PROBLEM DESCRIPTION → The response must reproduce exactly every line of the material below holding the word "starting".

DATASET →
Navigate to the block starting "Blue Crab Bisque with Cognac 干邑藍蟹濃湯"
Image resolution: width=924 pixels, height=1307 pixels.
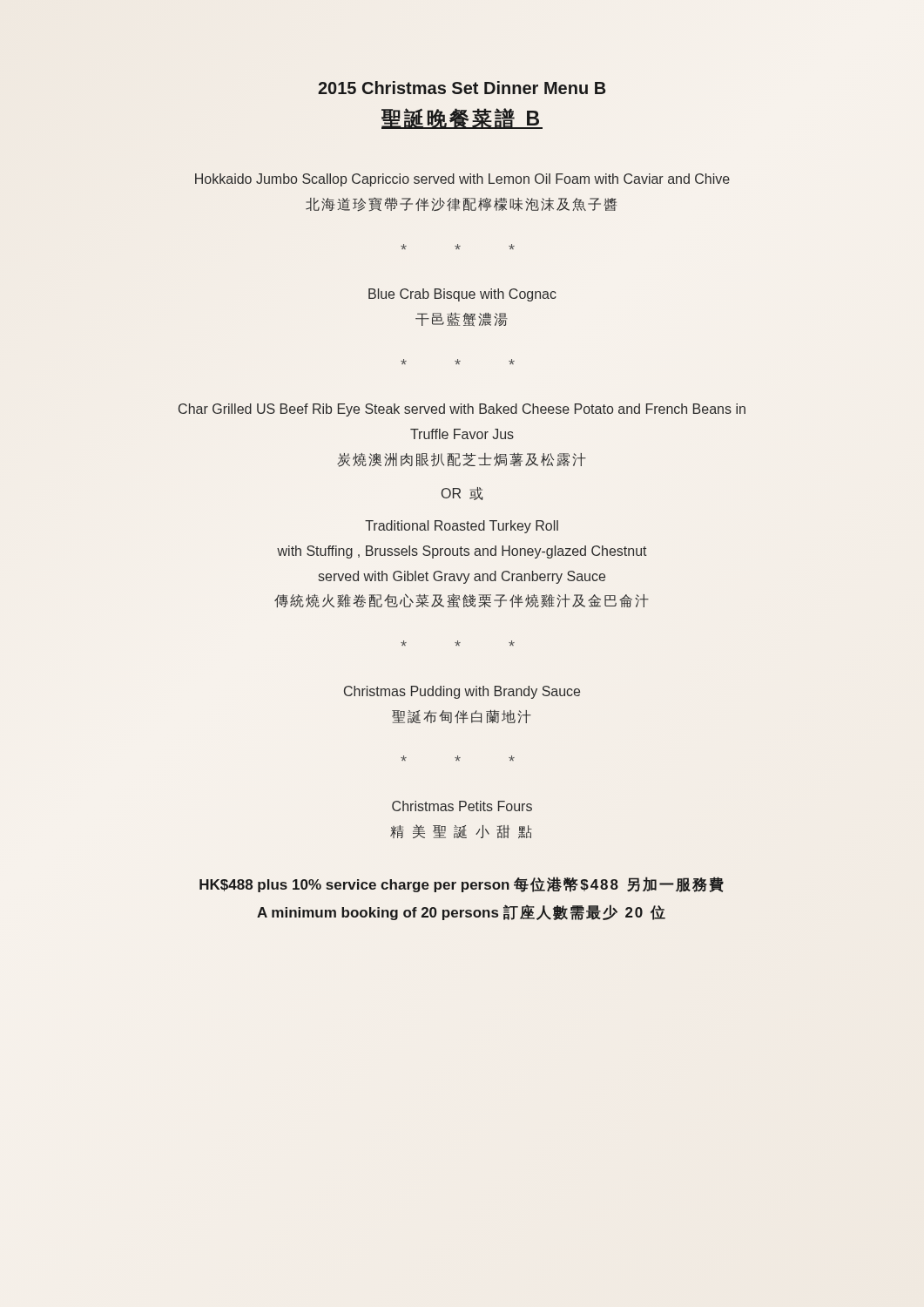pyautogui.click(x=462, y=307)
--
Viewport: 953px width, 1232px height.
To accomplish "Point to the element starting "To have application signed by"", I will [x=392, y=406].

OUTPUT FOR THIS EXERCISE →
Navigate to the block starting "Blue Crab Bisque with Cognac 干邑藍蟹濃湯"
To accomplish "Point to the element starting "To have application signed by"", I will [x=392, y=406].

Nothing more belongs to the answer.